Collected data
------------

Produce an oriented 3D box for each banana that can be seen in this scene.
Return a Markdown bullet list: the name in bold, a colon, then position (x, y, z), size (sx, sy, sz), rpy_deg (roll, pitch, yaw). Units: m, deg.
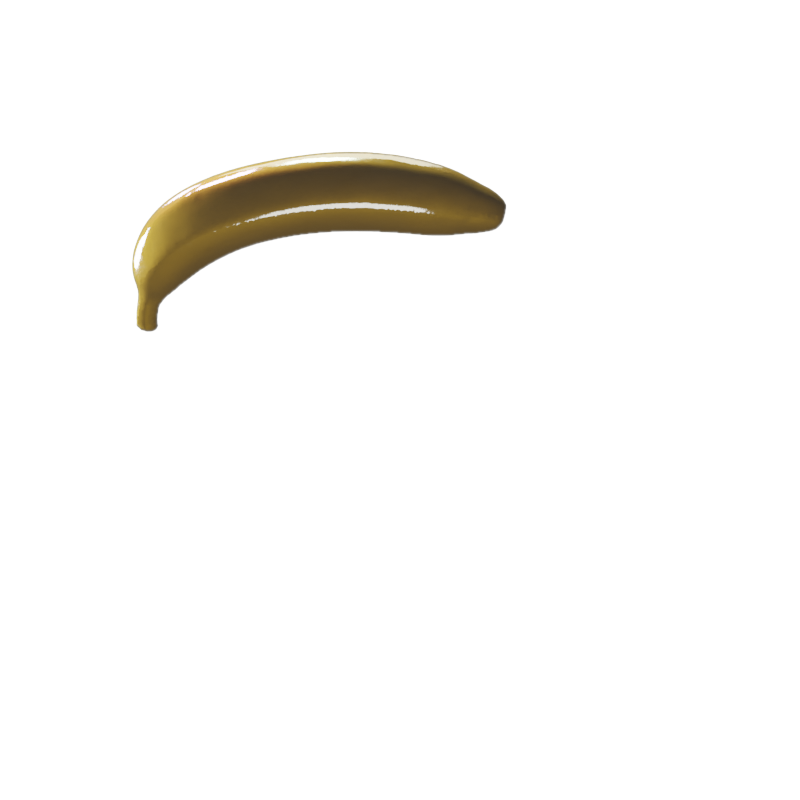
- **banana**: position (-0.052, -0.087, 0.535), size (0.200, 0.039, 0.064), rpy_deg (-13, -40, 16)
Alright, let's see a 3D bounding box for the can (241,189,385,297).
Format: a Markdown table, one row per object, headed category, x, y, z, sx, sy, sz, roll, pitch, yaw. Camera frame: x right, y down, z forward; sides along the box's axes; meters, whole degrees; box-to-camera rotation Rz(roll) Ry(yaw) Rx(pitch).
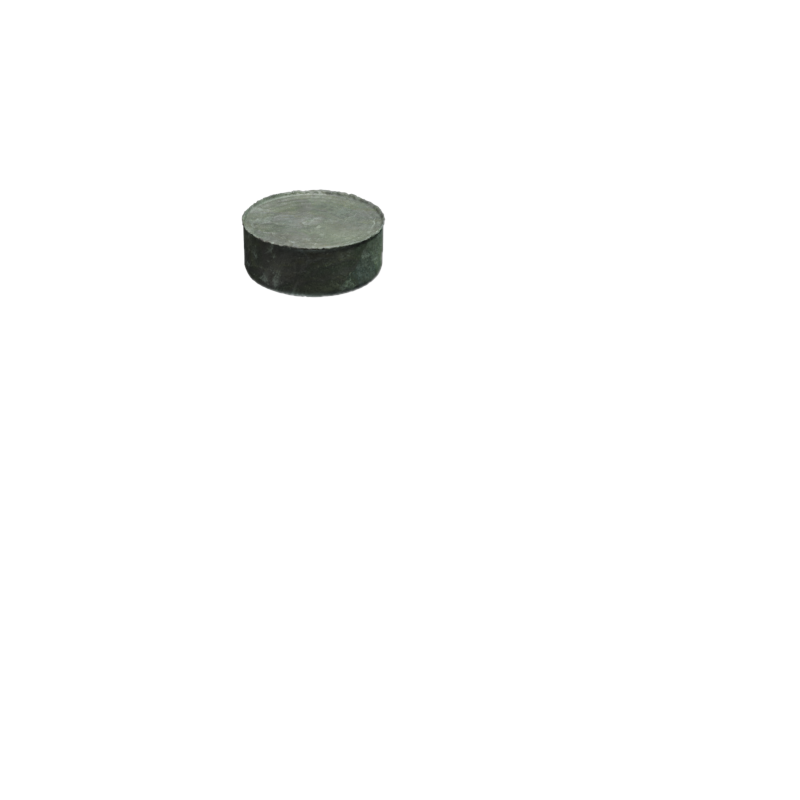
| category | x | y | z | sx | sy | sz | roll | pitch | yaw |
| --- | --- | --- | --- | --- | --- | --- | --- | --- | --- |
| can | -0.052 | -0.096 | 0.670 | 0.086 | 0.032 | 0.091 | -1 | 31 | -2 |
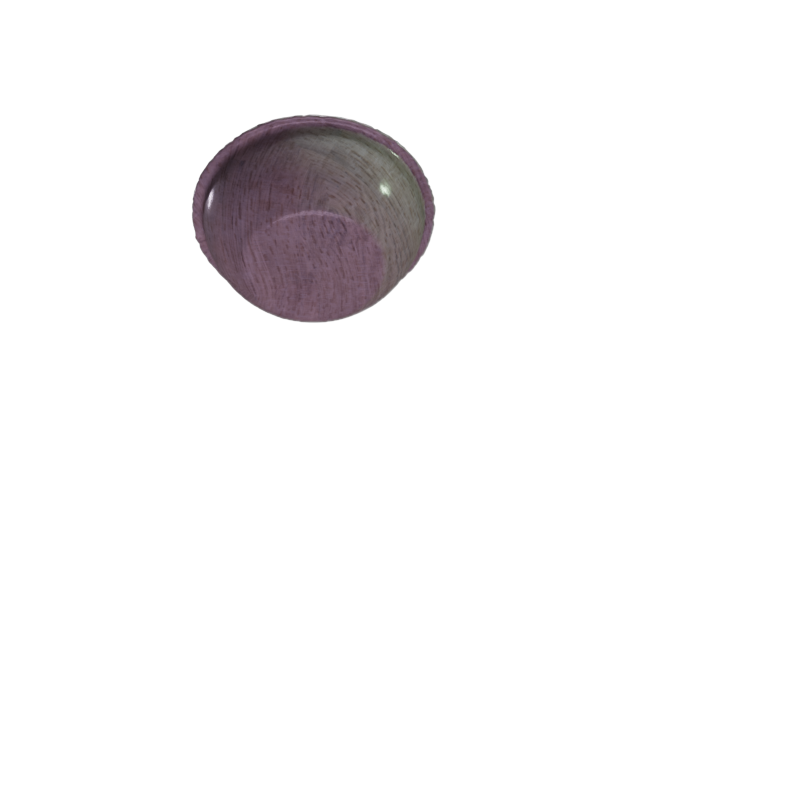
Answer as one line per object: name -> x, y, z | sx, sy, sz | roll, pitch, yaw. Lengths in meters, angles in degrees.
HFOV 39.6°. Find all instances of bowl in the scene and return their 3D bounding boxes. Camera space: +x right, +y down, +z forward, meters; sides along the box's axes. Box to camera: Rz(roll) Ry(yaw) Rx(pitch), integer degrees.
bowl -> -0.056, -0.103, 0.719 | 0.162, 0.151, 0.059 | 1, 42, -1
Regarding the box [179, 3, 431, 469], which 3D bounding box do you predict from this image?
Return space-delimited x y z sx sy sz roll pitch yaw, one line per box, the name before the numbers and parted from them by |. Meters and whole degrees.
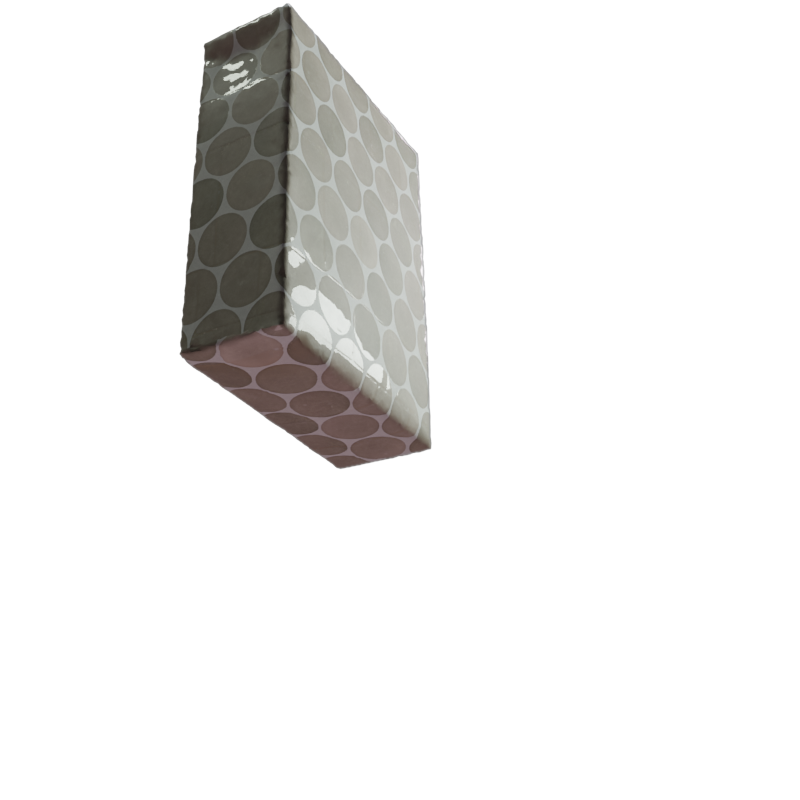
box | -0.050 -0.091 0.638 0.073 0.228 0.152 -18 -34 24
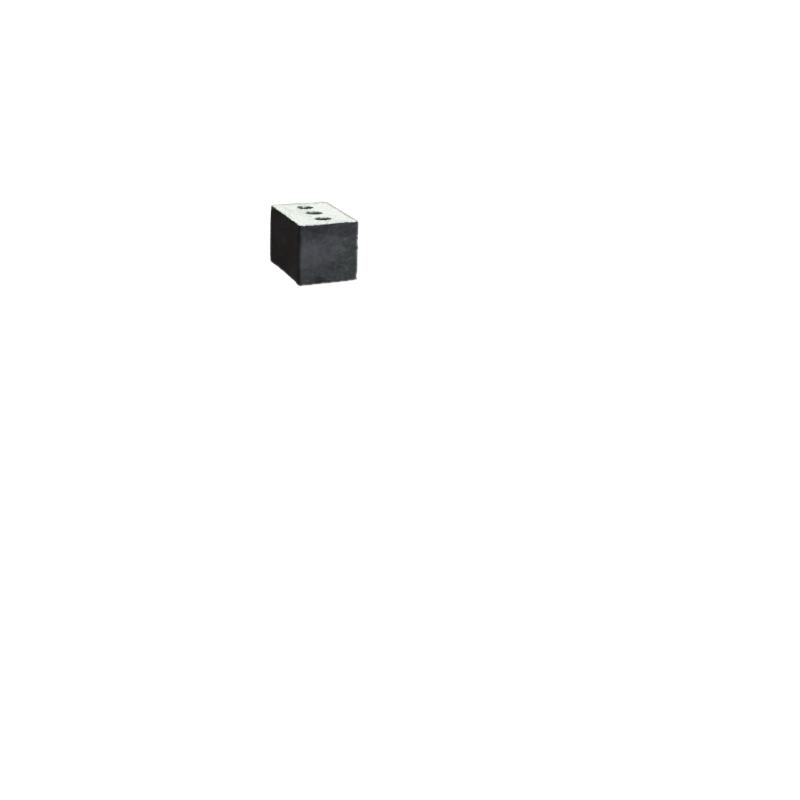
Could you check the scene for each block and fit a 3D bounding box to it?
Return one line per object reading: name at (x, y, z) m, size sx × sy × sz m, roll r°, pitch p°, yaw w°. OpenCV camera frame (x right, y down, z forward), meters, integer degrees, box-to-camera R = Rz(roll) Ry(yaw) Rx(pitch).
block at (-0.072, -0.132, 0.922) m, size 0.052 × 0.049 × 0.083 m, roll -7°, pitch 22°, yaw -22°
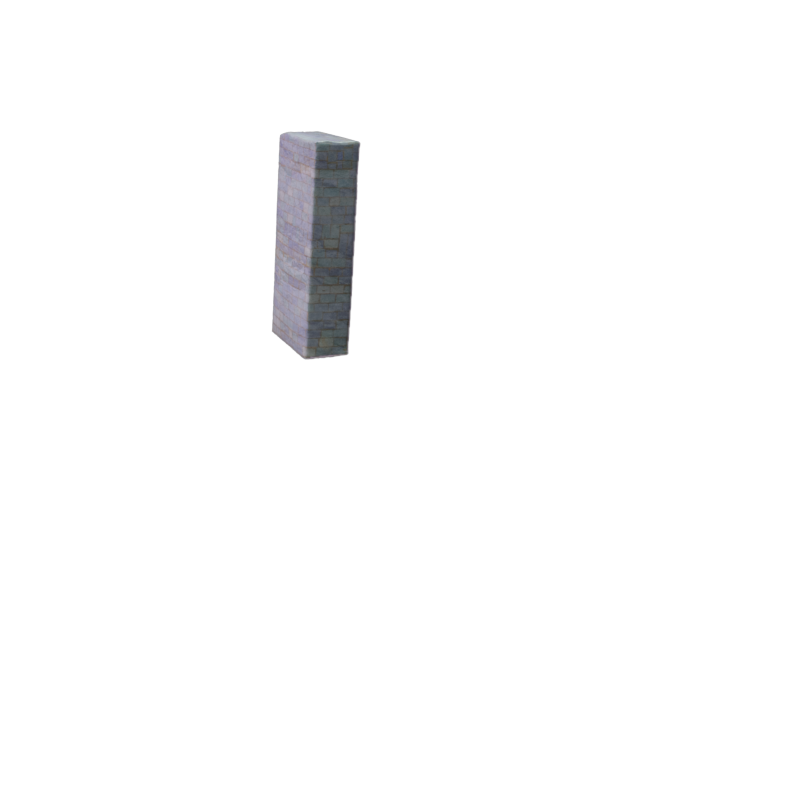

------------

• _Problem_
Leave the images aside and transcribe all entries exactly.

• _Problem solution_
Produce an oriented 3D box for each banana that can be seen in this scene.
Return a Markdown bullet list: the name in bold, a colon, then position (x, y, z), size (sx, sy, sz), rpy_deg (roll, pitch, yaw). Units: m, deg.
- **banana**: position (-0.052, -0.087, 0.535), size (0.200, 0.039, 0.064), rpy_deg (-13, -40, 16)
Alright, let's see a 3D bounding box for the can (241,189,385,297).
Format: a Markdown table, one row per object, headed category, x, y, z, sx, sy, sz, roll, pitch, yaw. Camera frame: x right, y down, z forward; sides along the box's axes; meters, whole degrees; box-to-camera rotation Rz(roll) Ry(yaw) Rx(pitch).
| category | x | y | z | sx | sy | sz | roll | pitch | yaw |
| --- | --- | --- | --- | --- | --- | --- | --- | --- | --- |
| can | -0.052 | -0.096 | 0.670 | 0.086 | 0.032 | 0.091 | -1 | 31 | -2 |
Answer as one line per object: name -> x, y, z | sx, sy, sz | roll, pitch, yaw. Lengths in meters, angles in degrees.
HFOV 39.6°. Find all instances of bowl in the scene and return their 3D bounding boxes. Camera space: +x right, +y down, +z forward, meters; sides along the box's axes. Box to camera: Rz(roll) Ry(yaw) Rx(pitch), integer degrees.
bowl -> -0.056, -0.103, 0.719 | 0.162, 0.151, 0.059 | 1, 42, -1
Regarding the box [179, 3, 431, 469], which 3D bounding box do you predict from this image?
Return space-delimited x y z sx sy sz roll pitch yaw, one line per box, the name before the numbers and parted from them by |. Meters and whole degrees.
box | -0.050 -0.091 0.638 0.073 0.228 0.152 -18 -34 24
Could you check the scene for each block and fit a 3D bounding box to it?
Return one line per object reading: name at (x, y, z) m, size sx × sy × sz m, roll r°, pitch p°, yaw w°. OpenCV camera frame (x right, y down, z forward), meters, integer degrees, box-to-camera R = Rz(roll) Ry(yaw) Rx(pitch).
block at (-0.072, -0.132, 0.922) m, size 0.052 × 0.049 × 0.083 m, roll -7°, pitch 22°, yaw -22°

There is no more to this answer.